> _EXERCISE REQUIREMENTS_: With the material below, print exactly the lines between the line holding "Your response must be concise. 5.77." and the line holding "2.82. What is", inclusive. Add nothing else.

> _EXERCISE DATA_:
◇ ◇ ◇ ◇ ◇ ◇ ◇
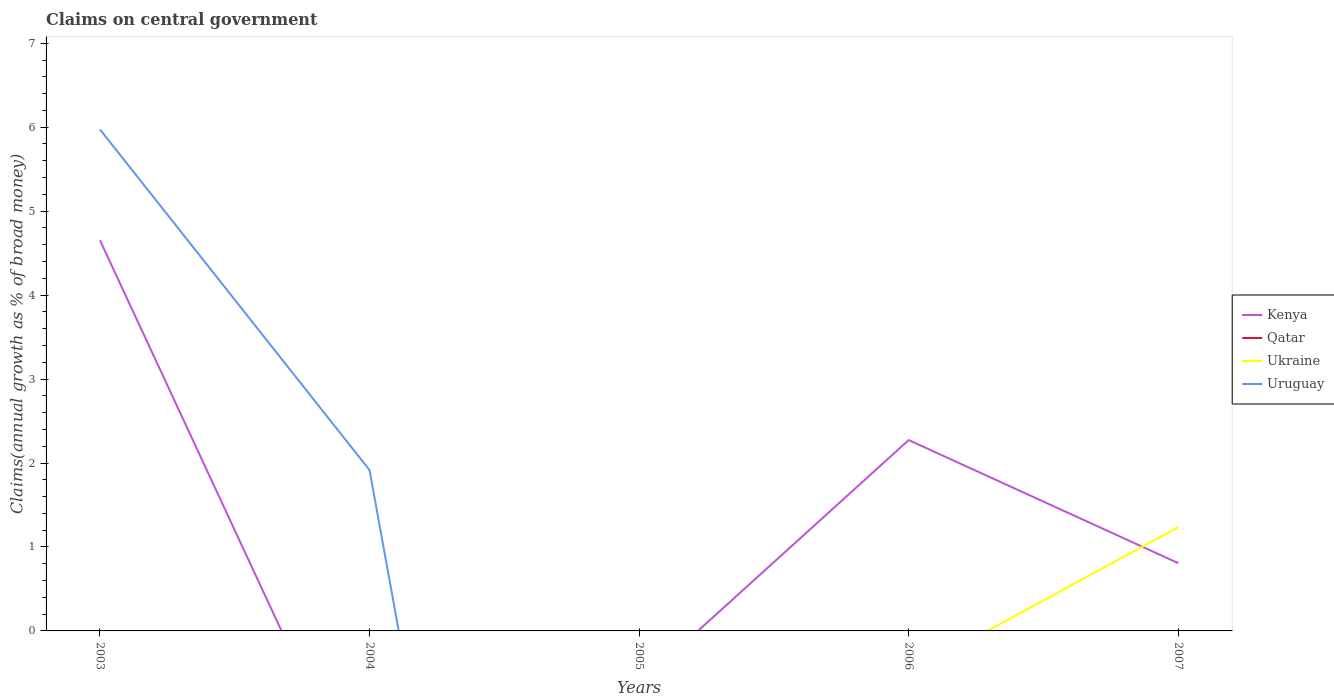How many different coloured lines are there?
Ensure brevity in your answer.  3. Does the line corresponding to Uruguay intersect with the line corresponding to Kenya?
Offer a very short reply. Yes. What is the difference between the highest and the second highest percentage of broad money claimed on centeral government in Uruguay?
Offer a very short reply. 5.97. Is the percentage of broad money claimed on centeral government in Ukraine strictly greater than the percentage of broad money claimed on centeral government in Qatar over the years?
Give a very brief answer. No. Are the values on the major ticks of Y-axis written in scientific E-notation?
Your response must be concise. No. Does the graph contain grids?
Your response must be concise. No. How many legend labels are there?
Your response must be concise. 4. What is the title of the graph?
Keep it short and to the point. Claims on central government. What is the label or title of the X-axis?
Provide a succinct answer. Years. What is the label or title of the Y-axis?
Offer a terse response. Claims(annual growth as % of broad money). What is the Claims(annual growth as % of broad money) in Kenya in 2003?
Make the answer very short. 4.65. What is the Claims(annual growth as % of broad money) of Uruguay in 2003?
Your answer should be compact. 5.97. What is the Claims(annual growth as % of broad money) in Ukraine in 2004?
Ensure brevity in your answer.  0. What is the Claims(annual growth as % of broad money) in Uruguay in 2004?
Give a very brief answer. 1.92. What is the Claims(annual growth as % of broad money) of Kenya in 2005?
Provide a short and direct response. 0. What is the Claims(annual growth as % of broad money) of Qatar in 2005?
Your response must be concise. 0. What is the Claims(annual growth as % of broad money) in Kenya in 2006?
Offer a very short reply. 2.27. What is the Claims(annual growth as % of broad money) in Kenya in 2007?
Your answer should be compact. 0.81. What is the Claims(annual growth as % of broad money) in Ukraine in 2007?
Make the answer very short. 1.24. What is the Claims(annual growth as % of broad money) in Uruguay in 2007?
Provide a short and direct response. 0. Across all years, what is the maximum Claims(annual growth as % of broad money) in Kenya?
Your answer should be compact. 4.65. Across all years, what is the maximum Claims(annual growth as % of broad money) in Ukraine?
Make the answer very short. 1.24. Across all years, what is the maximum Claims(annual growth as % of broad money) in Uruguay?
Your answer should be very brief. 5.97. Across all years, what is the minimum Claims(annual growth as % of broad money) in Kenya?
Offer a terse response. 0. Across all years, what is the minimum Claims(annual growth as % of broad money) of Ukraine?
Offer a terse response. 0. What is the total Claims(annual growth as % of broad money) in Kenya in the graph?
Offer a very short reply. 7.73. What is the total Claims(annual growth as % of broad money) in Qatar in the graph?
Your answer should be compact. 0. What is the total Claims(annual growth as % of broad money) in Ukraine in the graph?
Ensure brevity in your answer.  1.24. What is the total Claims(annual growth as % of broad money) of Uruguay in the graph?
Keep it short and to the point. 7.89. What is the difference between the Claims(annual growth as % of broad money) in Uruguay in 2003 and that in 2004?
Provide a short and direct response. 4.06. What is the difference between the Claims(annual growth as % of broad money) in Kenya in 2003 and that in 2006?
Give a very brief answer. 2.38. What is the difference between the Claims(annual growth as % of broad money) in Kenya in 2003 and that in 2007?
Give a very brief answer. 3.85. What is the difference between the Claims(annual growth as % of broad money) in Kenya in 2006 and that in 2007?
Provide a succinct answer. 1.47. What is the difference between the Claims(annual growth as % of broad money) of Kenya in 2003 and the Claims(annual growth as % of broad money) of Uruguay in 2004?
Make the answer very short. 2.74. What is the difference between the Claims(annual growth as % of broad money) in Kenya in 2003 and the Claims(annual growth as % of broad money) in Ukraine in 2007?
Ensure brevity in your answer.  3.42. What is the difference between the Claims(annual growth as % of broad money) in Kenya in 2006 and the Claims(annual growth as % of broad money) in Ukraine in 2007?
Your answer should be compact. 1.04. What is the average Claims(annual growth as % of broad money) of Kenya per year?
Your response must be concise. 1.55. What is the average Claims(annual growth as % of broad money) of Ukraine per year?
Offer a very short reply. 0.25. What is the average Claims(annual growth as % of broad money) in Uruguay per year?
Your answer should be very brief. 1.58. In the year 2003, what is the difference between the Claims(annual growth as % of broad money) in Kenya and Claims(annual growth as % of broad money) in Uruguay?
Give a very brief answer. -1.32. In the year 2007, what is the difference between the Claims(annual growth as % of broad money) in Kenya and Claims(annual growth as % of broad money) in Ukraine?
Offer a terse response. -0.43. What is the ratio of the Claims(annual growth as % of broad money) of Uruguay in 2003 to that in 2004?
Provide a short and direct response. 3.12. What is the ratio of the Claims(annual growth as % of broad money) of Kenya in 2003 to that in 2006?
Your response must be concise. 2.05. What is the ratio of the Claims(annual growth as % of broad money) in Kenya in 2003 to that in 2007?
Your response must be concise. 5.77. What is the ratio of the Claims(annual growth as % of broad money) in Kenya in 2006 to that in 2007?
Ensure brevity in your answer.  2.82. What is the difference between the highest and the second highest Claims(annual growth as % of broad money) in Kenya?
Give a very brief answer. 2.38. What is the difference between the highest and the lowest Claims(annual growth as % of broad money) of Kenya?
Keep it short and to the point. 4.65. What is the difference between the highest and the lowest Claims(annual growth as % of broad money) of Ukraine?
Give a very brief answer. 1.24. What is the difference between the highest and the lowest Claims(annual growth as % of broad money) in Uruguay?
Your answer should be very brief. 5.97. 
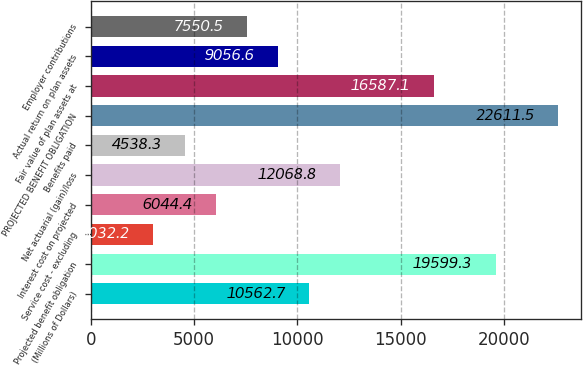Convert chart to OTSL. <chart><loc_0><loc_0><loc_500><loc_500><bar_chart><fcel>(Millions of Dollars)<fcel>Projected benefit obligation<fcel>Service cost - excluding<fcel>Interest cost on projected<fcel>Net actuarial (gain)/loss<fcel>Benefits paid<fcel>PROJECTED BENEFIT OBLIGATION<fcel>Fair value of plan assets at<fcel>Actual return on plan assets<fcel>Employer contributions<nl><fcel>10562.7<fcel>19599.3<fcel>3032.2<fcel>6044.4<fcel>12068.8<fcel>4538.3<fcel>22611.5<fcel>16587.1<fcel>9056.6<fcel>7550.5<nl></chart> 
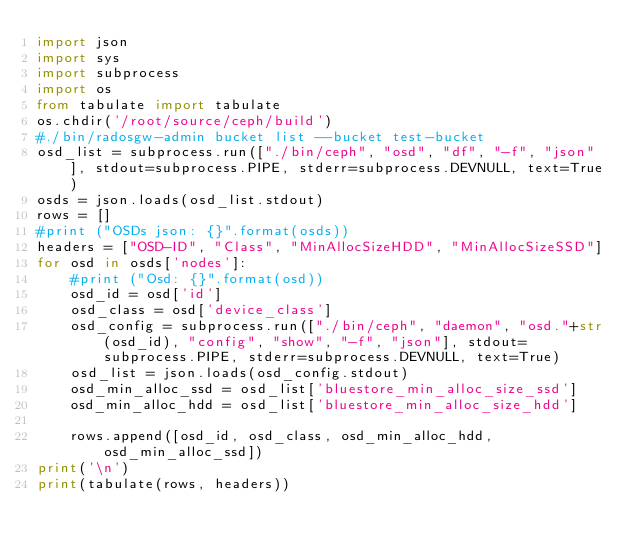Convert code to text. <code><loc_0><loc_0><loc_500><loc_500><_Python_>import json
import sys
import subprocess
import os
from tabulate import tabulate
os.chdir('/root/source/ceph/build')
#./bin/radosgw-admin bucket list --bucket test-bucket
osd_list = subprocess.run(["./bin/ceph", "osd", "df", "-f", "json"], stdout=subprocess.PIPE, stderr=subprocess.DEVNULL, text=True)
osds = json.loads(osd_list.stdout)
rows = []
#print ("OSDs json: {}".format(osds))
headers = ["OSD-ID", "Class", "MinAllocSizeHDD", "MinAllocSizeSSD"]
for osd in osds['nodes']:
    #print ("Osd: {}".format(osd))
    osd_id = osd['id']
    osd_class = osd['device_class']
    osd_config = subprocess.run(["./bin/ceph", "daemon", "osd."+str(osd_id), "config", "show", "-f", "json"], stdout=subprocess.PIPE, stderr=subprocess.DEVNULL, text=True)
    osd_list = json.loads(osd_config.stdout)
    osd_min_alloc_ssd = osd_list['bluestore_min_alloc_size_ssd']
    osd_min_alloc_hdd = osd_list['bluestore_min_alloc_size_hdd']

    rows.append([osd_id, osd_class, osd_min_alloc_hdd, osd_min_alloc_ssd])
print('\n')
print(tabulate(rows, headers))

</code> 
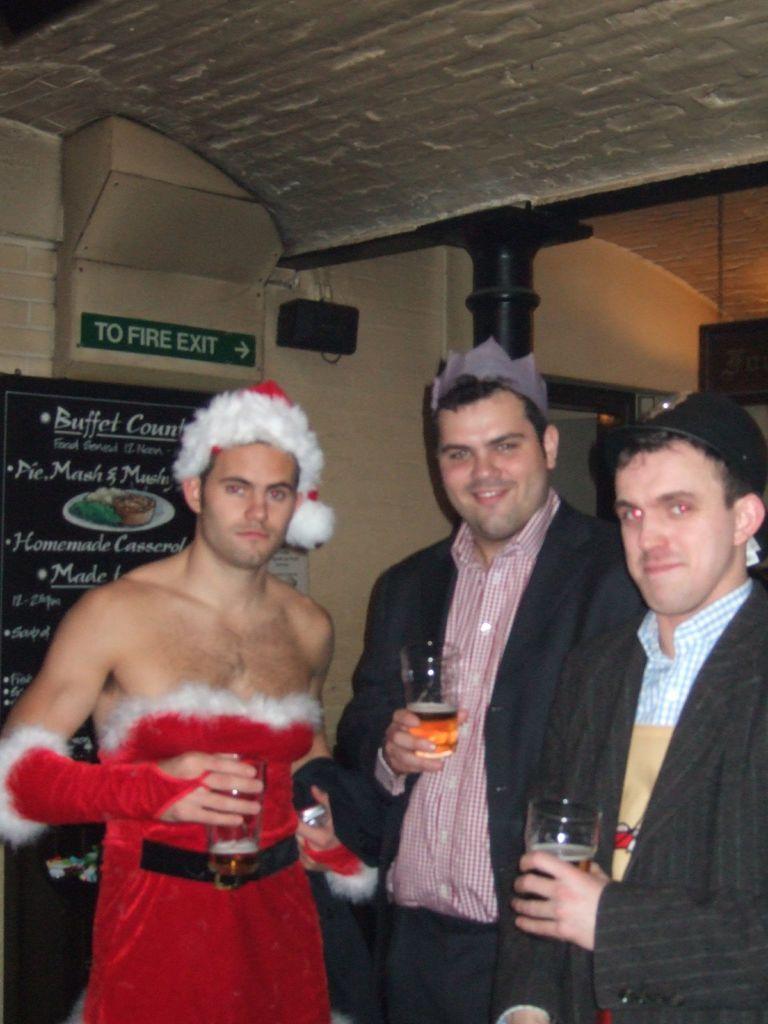Please provide a concise description of this image. In the foreground of this image, there are two men wearing suits and a man wearing female dress which is in red and white color. They are holding glasses. In the background, there is wall, ceiling, pillar, few boards and a black color object on the wall. 
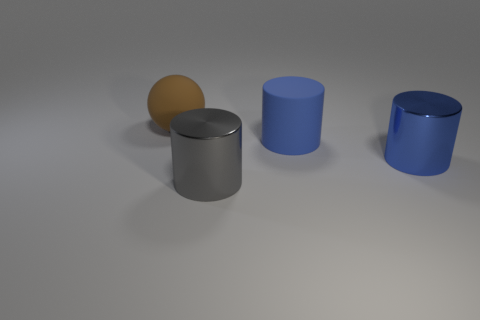There is another blue cylinder that is the same size as the rubber cylinder; what is it made of? Based on the image, the other blue cylinder appears to be made of a smooth, reflective material, likely metal, similar in texture and sheen to materials like aluminum or steel. 
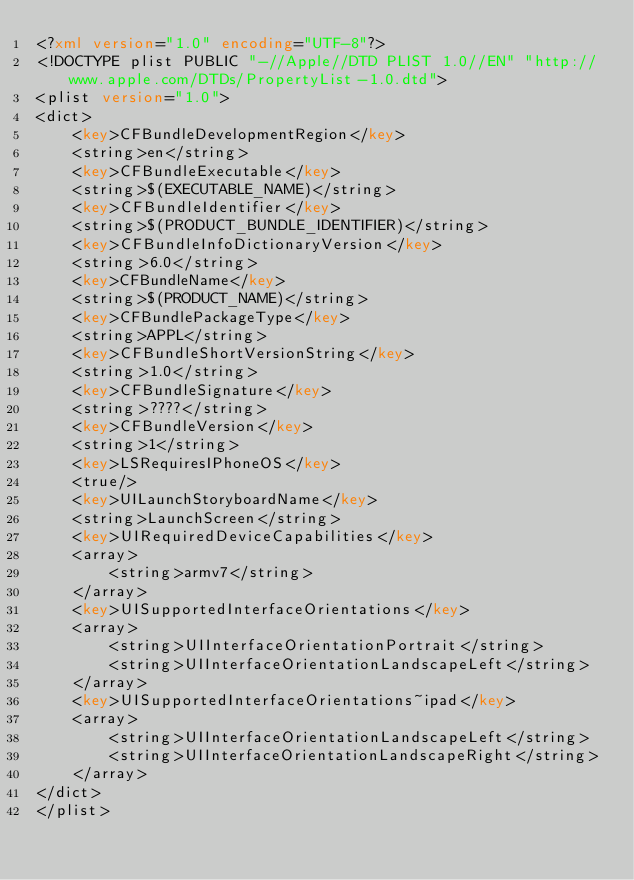<code> <loc_0><loc_0><loc_500><loc_500><_XML_><?xml version="1.0" encoding="UTF-8"?>
<!DOCTYPE plist PUBLIC "-//Apple//DTD PLIST 1.0//EN" "http://www.apple.com/DTDs/PropertyList-1.0.dtd">
<plist version="1.0">
<dict>
	<key>CFBundleDevelopmentRegion</key>
	<string>en</string>
	<key>CFBundleExecutable</key>
	<string>$(EXECUTABLE_NAME)</string>
	<key>CFBundleIdentifier</key>
	<string>$(PRODUCT_BUNDLE_IDENTIFIER)</string>
	<key>CFBundleInfoDictionaryVersion</key>
	<string>6.0</string>
	<key>CFBundleName</key>
	<string>$(PRODUCT_NAME)</string>
	<key>CFBundlePackageType</key>
	<string>APPL</string>
	<key>CFBundleShortVersionString</key>
	<string>1.0</string>
	<key>CFBundleSignature</key>
	<string>????</string>
	<key>CFBundleVersion</key>
	<string>1</string>
	<key>LSRequiresIPhoneOS</key>
	<true/>
	<key>UILaunchStoryboardName</key>
	<string>LaunchScreen</string>
	<key>UIRequiredDeviceCapabilities</key>
	<array>
		<string>armv7</string>
	</array>
	<key>UISupportedInterfaceOrientations</key>
	<array>
		<string>UIInterfaceOrientationPortrait</string>
		<string>UIInterfaceOrientationLandscapeLeft</string>
	</array>
	<key>UISupportedInterfaceOrientations~ipad</key>
	<array>
		<string>UIInterfaceOrientationLandscapeLeft</string>
		<string>UIInterfaceOrientationLandscapeRight</string>
	</array>
</dict>
</plist>
</code> 
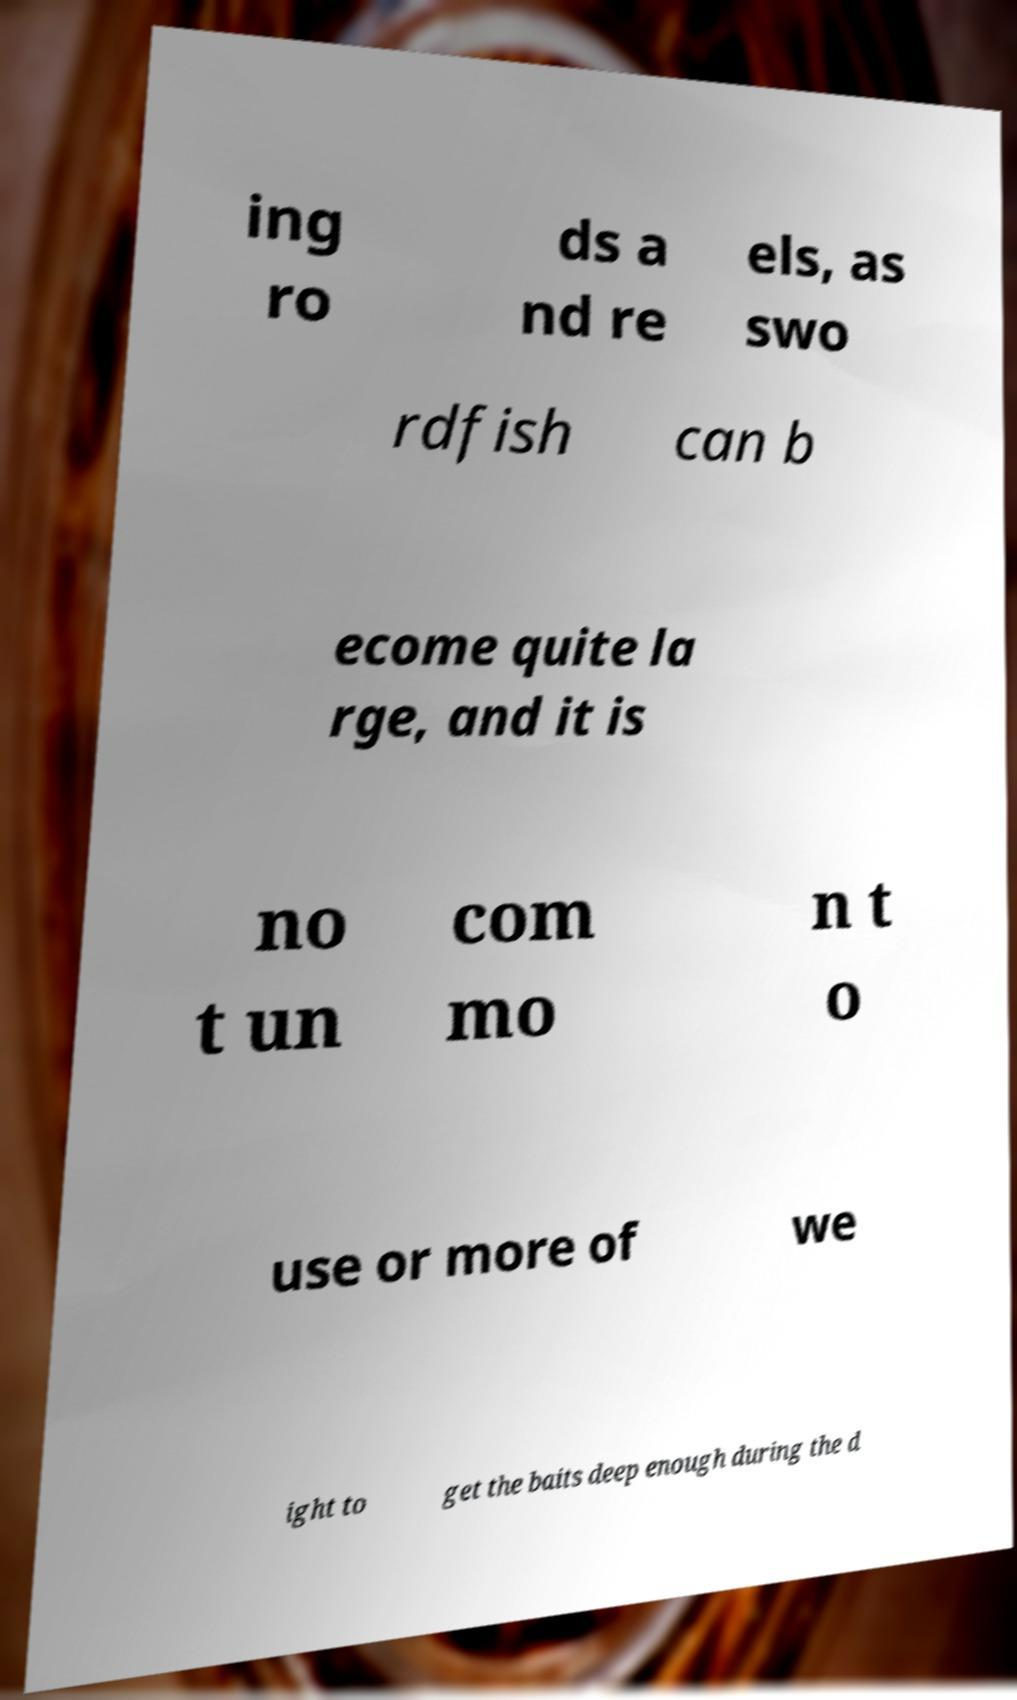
◇ ◇ ◇ ◇ ◇ ◇ ◇
> _TASK RESPONSE_:
Your response must be concise. 5.77. What is the ratio of the Claims(annual growth as % of broad money) in Kenya in 2006 to that in 2007?
Ensure brevity in your answer.  2.82. What is the difference between the highest and the second highest Claims(annual growth as % of broad money) in Kenya?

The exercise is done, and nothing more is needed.